A Hot and Cold Running Genius:Glenn McGee on MacArthur Fellow Eva Harris

From this month's issue of The Scientist:

Eva Harris won the MacArthur "genius grant" in 1997 for plenty of reasons. As a Pew Scholar in 2001, her bench work on the molecular virology and pathogenesis of dengue virus - specifically, the determinants for viral transmission - was tied purposefully to developing the epidemiological capacity of scientists in developing countries. Harris has helped many aspiring scientists in the developing world. They learn from her to create and sustain programs of bench science "on the cheap." And sometimes, it bears fruit in vaccines and even the promise of translating what might look like rudimentary science into the promise of a cure for the predominant arthropod-borne disease in the world.

Harris' genius, though, is in bioethics, although I find no record that she has ever used the term in her work. That's perhaps not surprising, given how much time bioethics seems to spend on "bad" scientists. I'm ready to tar Harris with the label "ethicist" because of her compulsive goodness. She can't seem to avoid fixating on "the cash value" of her work, and by that I do not mean the literal value she might have extracted from her most noteworthy accomplishment to date - the development of A Low Cost Approach to PCR: Appropriate Transfer of Biomedical Techniques - which brought DNA amplification to labs that could never have used it otherwise. No, for William James, who coined the term as part of the truly American philosophy of pragmatism, cash value was the cornerstone of ethical science: Science is good, he and John Dewey opined, when it works. Activism on behalf of vulnerable scientists and endangered people is just the sort of translation that scientists in training can point to as ethical genius.

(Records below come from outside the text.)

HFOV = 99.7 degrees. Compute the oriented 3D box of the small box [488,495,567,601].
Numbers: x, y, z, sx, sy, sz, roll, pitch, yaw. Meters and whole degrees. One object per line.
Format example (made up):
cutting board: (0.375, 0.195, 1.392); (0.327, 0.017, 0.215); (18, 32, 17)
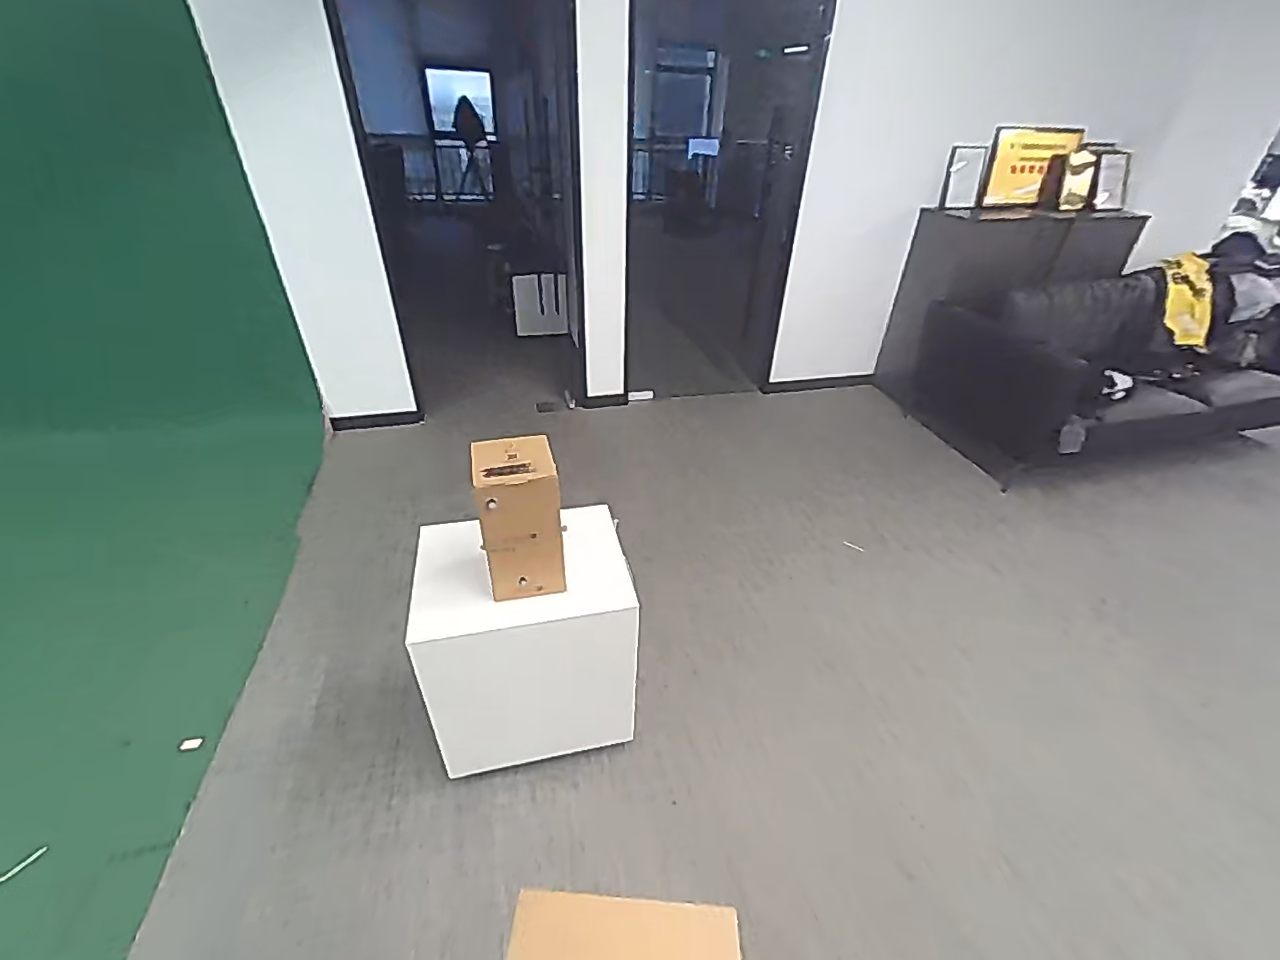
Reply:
small box: (-0.265, 0.157, 1.269); (0.168, 0.176, 0.179); (-6, 35, -12)

Today Harris runs the Sustainable Sciences Institute in San Francisco, a nonprofit she began with the money awarded through her McArthur prize. The Institute teaches scientists what she calls "knowledge-based" technology transfer. So for DNA amplification, instead of $100 for silica particles, she teaches scientists in the developing world to begin with "a 20-pound bag of ceramic dust for $5 at the hobby store," and thermocycling based on ice, Bunsen burners, and somebody holding a thermometer. A device that costs $10,000 in even its most rudimentary form in the developed world is suddenly within reach of scientists whose entire programs would otherwise be impossible...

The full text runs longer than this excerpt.